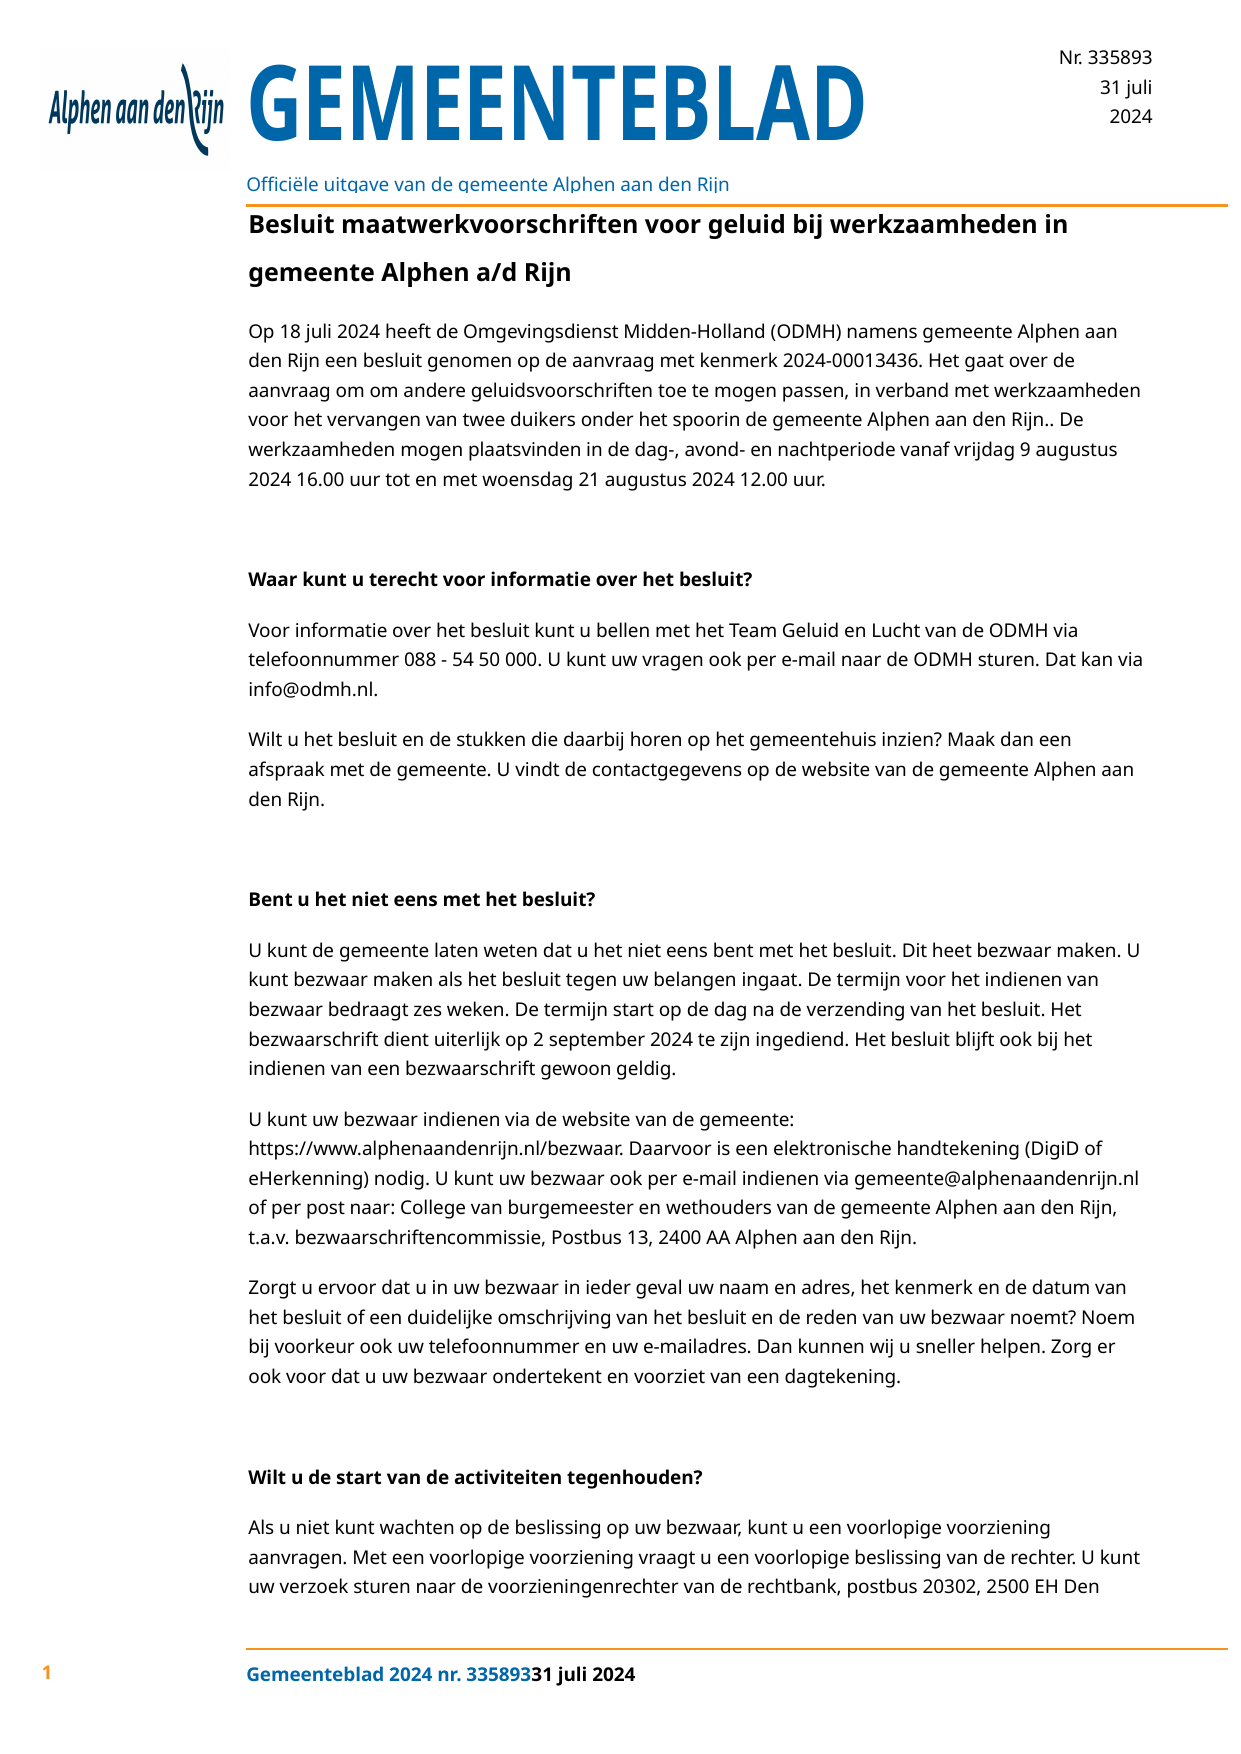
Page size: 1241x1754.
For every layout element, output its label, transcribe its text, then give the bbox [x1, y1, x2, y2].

text Wilt u de start van de activiteiten tegenhouden? [248, 1464, 1152, 1490]
text Waar kunt u terecht voor informatie over het besluit? [248, 567, 1152, 592]
picture [41, 47, 231, 172]
text U kunt de gemeente laten weten dat u het niet eens bent met het besluit. Dit heet bezwaar maken. U kunt bezwaar maken als het besluit tegen uw belangen ingaat. De termijn voor het indienen van bezwaar bedraagt zes weken. De termijn start op de dag na de verzending van het besluit. Het bezwaarschrift dient uiterlijk op 2 september 2024 te zijn ingediend. Het besluit blijft ook bij het indienen van een bezwaarschrift gewoon geldig. [248, 937, 1152, 1081]
text Zorgt u ervoor dat u in uw bezwaar in ieder geval uw naam en adres, het kenmerk en de datum van het besluit of een duidelijke omschrijving van het besluit en de reden van uw bezwaar noemt? Noem bij voorkeur ook uw telefoonnummer en uw e-mailadres. Dan kunnen wij u sneller helpen. Zorg er ook voor dat u uw bezwaar ondertekent en voorziet van een dagtekening. [248, 1274, 1152, 1389]
text Wilt u het besluit en de stukken die daarbij horen op het gemeentehuis inzien? Maak dan een afspraak met de gemeente. U vindt de contactgegevens op de website van de gemeente Alphen aan den Rijn. [248, 727, 1152, 812]
text Bent u het niet eens met het besluit? [248, 887, 1152, 912]
text Voor informatie over het besluit kunt u bellen met het Team Geluid en Lucht van de ODMH via telefoonnummer 088 - 54 50 000. U kunt uw vragen ook per e-mail naar de ODMH sturen. Dat kan via info@odmh.nl. [248, 617, 1152, 702]
text Besluit maatwerkvoorschriften voor geluid bij werkzaamheden in gemeente Alphen a/d Rijn [248, 207, 1152, 288]
text Als u niet kunt wachten op de beslissing op uw bezwaar, kunt u een voorlopige voorziening aanvragen. Met een voorlopige voorziening vraagt u een voorlopige beslissing van de rechter. U kunt uw verzoek sturen naar de voorzieningenrechter van de rechtbank, postbus 20302, 2500 EH Den [248, 1514, 1152, 1599]
text Op 18 juli 2024 heeft de Omgevingsdienst Midden-Holland (ODMH) namens gemeente Alphen aan den Rijn een besluit genomen op de aanvraag met kenmerk 2024-00013436. Het gaat over de aanvraag om om andere geluidsvoorschriften toe te mogen passen, in verband met werkzaamheden voor het vervangen van twee duikers onder het spoorin de gemeente Alphen aan den Rijn.. De werkzaamheden mogen plaatsvinden in de dag-, avond- en nachtperiode vanaf vrijdag 9 augustus 2024 16.00 uur tot en met woensdag 21 augustus 2024 12.00 uur. [248, 318, 1152, 492]
text U kunt uw bezwaar indienen via de website van de gemeente: https://www.alphenaandenrijn.nl/bezwaar. Daarvoor is een elektronische handtekening (DigiD of eHerkenning) nodig. U kunt uw bezwaar ook per e-mail indienen via gemeente@alphenaandenrijn.nl of per post naar: College van burgemeester en wethouders van de gemeente Alphen aan den Rijn, t.a.v. bezwaarschriftencommissie, Postbus 13, 2400 AA Alphen aan den Rijn. [248, 1106, 1152, 1250]
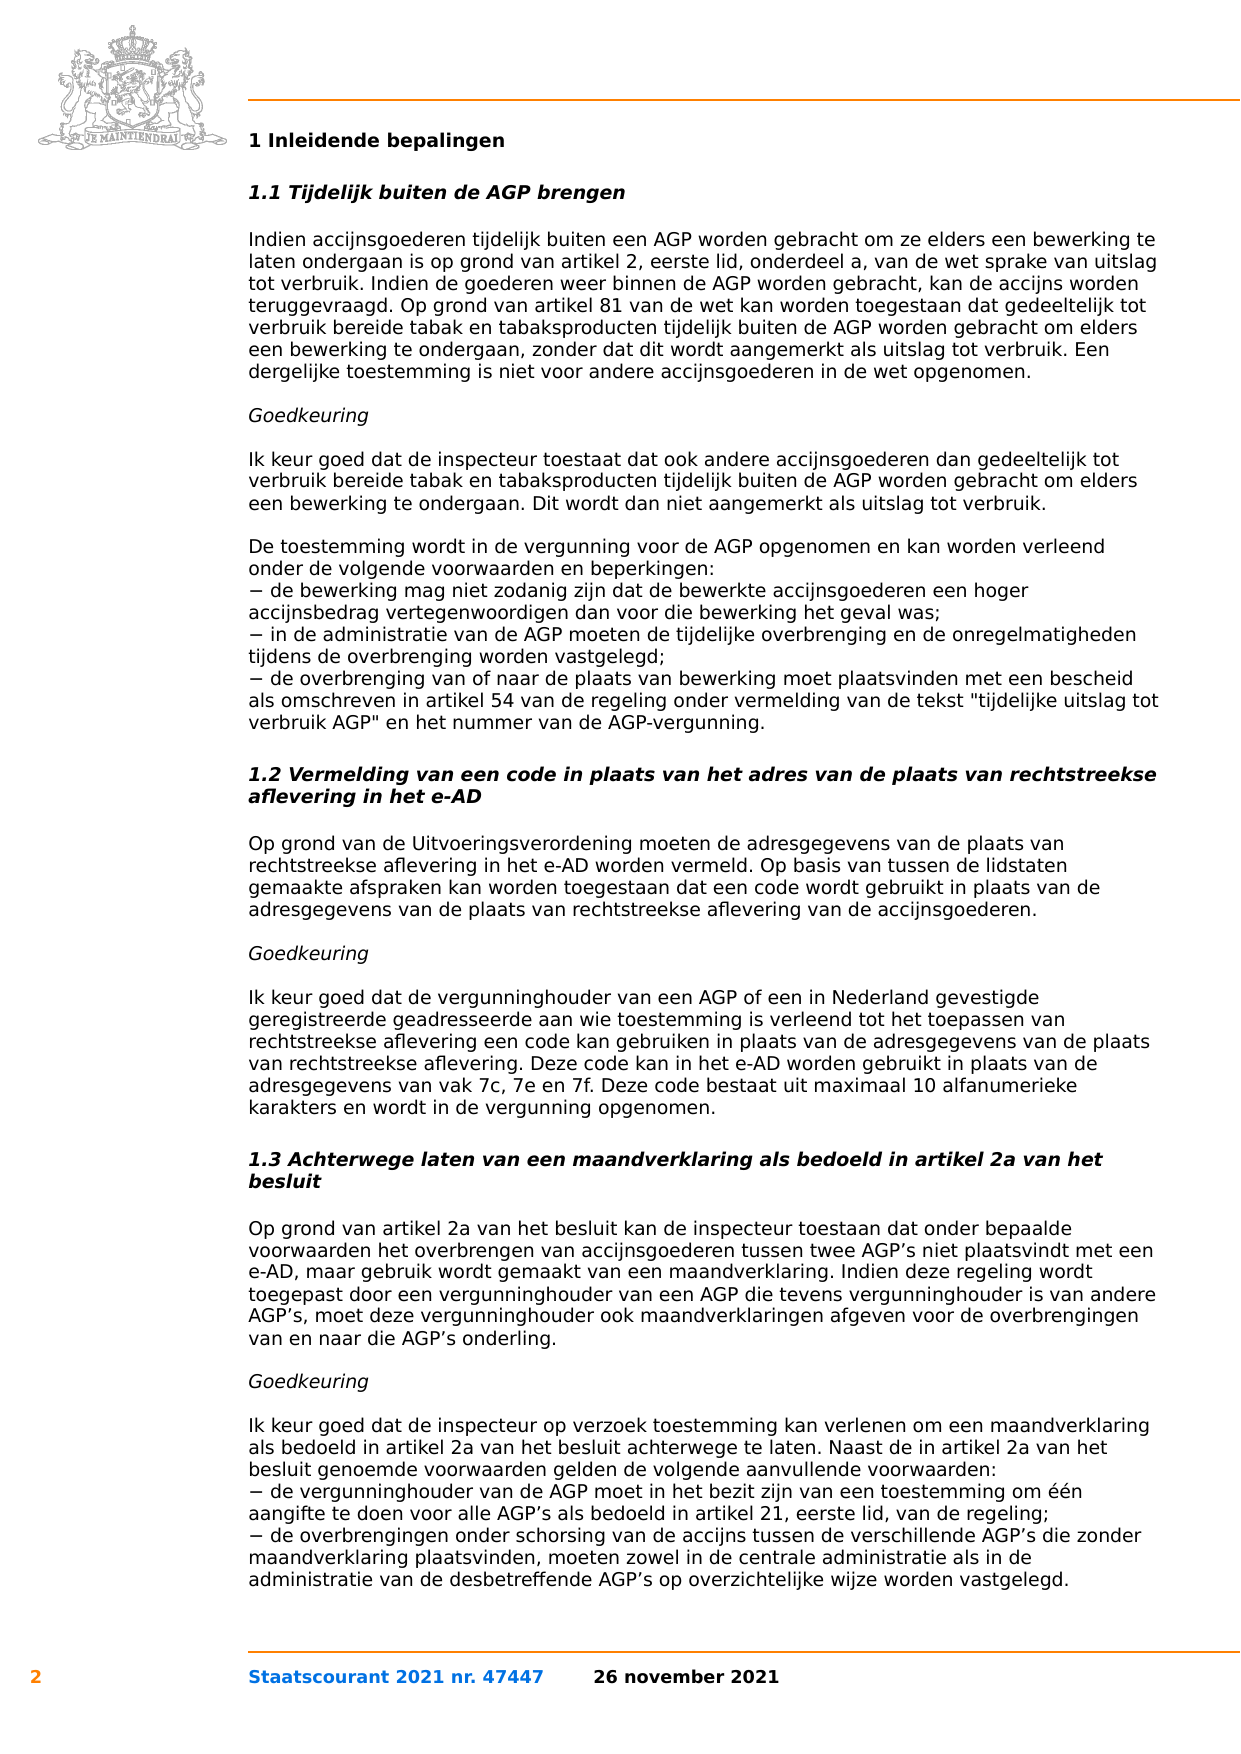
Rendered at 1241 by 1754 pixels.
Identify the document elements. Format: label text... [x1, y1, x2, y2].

picture [38, 25, 227, 150]
subtitle 1 Inleidende bepalingen [248, 130, 1163, 152]
text Op grond van de Uitvoeringsverordening moeten de adresgegevens van de plaats van rechtstreekse aflevering in het e-AD worden vermeld. Op basis van tussen de lidstaten gemaakte afspraken kan worden toegestaan dat een code wordt gebruikt in plaats van de adresgegevens van de plaats van rechtstreekse aflevering van de accijnsgoederen. [248, 833, 1163, 921]
text Ik keur goed dat de inspecteur toestaat dat ook andere accijnsgoederen dan gedeeltelijk tot verbruik bereide tabak en tabaksproducten tijdelijk buiten de AGP worden gebracht om elders een bewerking te ondergaan. Dit wordt dan niet aangemerkt als uitslag tot verbruik. [248, 448, 1163, 514]
subtitle 1.1 Tijdelijk buiten de AGP brengen [248, 182, 1163, 204]
subtitle Goedkeuring [248, 943, 1163, 965]
subtitle Goedkeuring [248, 1371, 1163, 1393]
text Indien accijnsgoederen tijdelijk buiten een AGP worden gebracht om ze elders een bewerking te laten ondergaan is op grond van artikel 2, eerste lid, onderdeel a, van de wet sprake van uitslag tot verbruik. Indien de goederen weer binnen de AGP worden gebracht, kan de accijns worden teruggevraagd. Op grond van artikel 81 van de wet kan worden toegestaan dat gedeeltelijk tot verbruik bereide tabak en tabaksproducten tijdelijk buiten de AGP worden gebracht om elders een bewerking te ondergaan, zonder dat dit wordt aangemerkt als uitslag tot verbruik. Een dergelijke toestemming is niet voor andere accijnsgoederen in de wet opgenomen. [248, 229, 1163, 383]
subtitle 1.3 Achterwege laten van een maandverklaring als bedoeld in artikel 2a van het besluit [248, 1148, 1163, 1192]
text − in de administratie van de AGP moeten de tijdelijke overbrenging en de onregelmatigheden tijdens de overbrenging worden vastgelegd; [248, 624, 1163, 668]
text Ik keur goed dat de inspecteur op verzoek toestemming kan verlenen om een maandverklaring als bedoeld in artikel 2a van het besluit achterwege te laten. Naast de in artikel 2a van het besluit genoemde voorwaarden gelden de volgende aanvullende voorwaarden: [248, 1415, 1163, 1481]
text Op grond van artikel 2a van het besluit kan de inspecteur toestaan dat onder bepaalde voorwaarden het overbrengen van accijnsgoederen tussen twee AGP’s niet plaatsvindt met een e-AD, maar gebruik wordt gemaakt van een maandverklaring. Indien deze regeling wordt toegepast door een vergunninghouder van een AGP die tevens vergunninghouder is van andere AGP’s, moet deze vergunninghouder ook maandverklaringen afgeven voor de overbrengingen van en naar die AGP’s onderling. [248, 1217, 1163, 1349]
text Ik keur goed dat de vergunninghouder van een AGP of een in Nederland gevestigde geregistreerde geadresseerde aan wie toestemming is verleend tot het toepassen van rechtstreekse aflevering een code kan gebruiken in plaats van de adresgegevens van de plaats van rechtstreekse aflevering. Deze code kan in het e-AD worden gebruikt in plaats van de adresgegevens van vak 7c, 7e en 7f. Deze code bestaat uit maximaal 10 alfanumerieke karakters en wordt in de vergunning opgenomen. [248, 987, 1163, 1118]
text − de overbrenging van of naar de plaats van bewerking moet plaatsvinden met een bescheid als omschreven in artikel 54 van de regeling onder vermelding van de tekst "tijdelijke uitslag tot verbruik AGP" en het nummer van de AGP-vergunning. [248, 668, 1163, 734]
subtitle Goedkeuring [248, 404, 1163, 427]
text De toestemming wordt in de vergunning voor de AGP opgenomen en kan worden verleend onder de volgende voorwaarden en beperkingen: [248, 536, 1163, 580]
text − de vergunninghouder van de AGP moet in het bezit zijn van een toestemming om één aangifte te doen voor alle AGP’s als bedoeld in artikel 21, eerste lid, van de regeling; [248, 1481, 1163, 1525]
text − de bewerking mag niet zodanig zijn dat de bewerkte accijnsgoederen een hoger accijnsbedrag vertegenwoordigen dan voor die bewerking het geval was; [248, 580, 1163, 624]
text − de overbrengingen onder schorsing van de accijns tussen de verschillende AGP’s die zonder maandverklaring plaatsvinden, moeten zowel in de centrale administratie als in de administratie van de desbetreffende AGP’s op overzichtelijke wijze worden vastgelegd. [248, 1525, 1163, 1591]
subtitle 1.2 Vermelding van een code in plaats van het adres van de plaats van rechtstreekse aflevering in het e-AD [248, 764, 1163, 808]

Goal of the exercise: Please give back, exactly as it stands above, the stretch from the line with "text Indien accijnsgoederen" through the line with "text − in de", and no line outside it.

Task response:
text Indien accijnsgoederen tijdelijk buiten een AGP worden gebracht om ze elders een bewerking te laten ondergaan is op grond van artikel 2, eerste lid, onderdeel a, van de wet sprake van uitslag tot verbruik. Indien de goederen weer binnen de AGP worden gebracht, kan de accijns worden teruggevraagd. Op grond van artikel 81 van de wet kan worden toegestaan dat gedeeltelijk tot verbruik bereide tabak en tabaksproducten tijdelijk buiten de AGP worden gebracht om elders een bewerking te ondergaan, zonder dat dit wordt aangemerkt als uitslag tot verbruik. Een dergelijke toestemming is niet voor andere accijnsgoederen in de wet opgenomen. [248, 229, 1163, 383]
subtitle 1.3 Achterwege laten van een maandverklaring als bedoeld in artikel 2a van het besluit [248, 1148, 1163, 1192]
text − in de administratie van de AGP moeten de tijdelijke overbrenging en de onregelmatigheden tijdens de overbrenging worden vastgelegd; [248, 624, 1163, 668]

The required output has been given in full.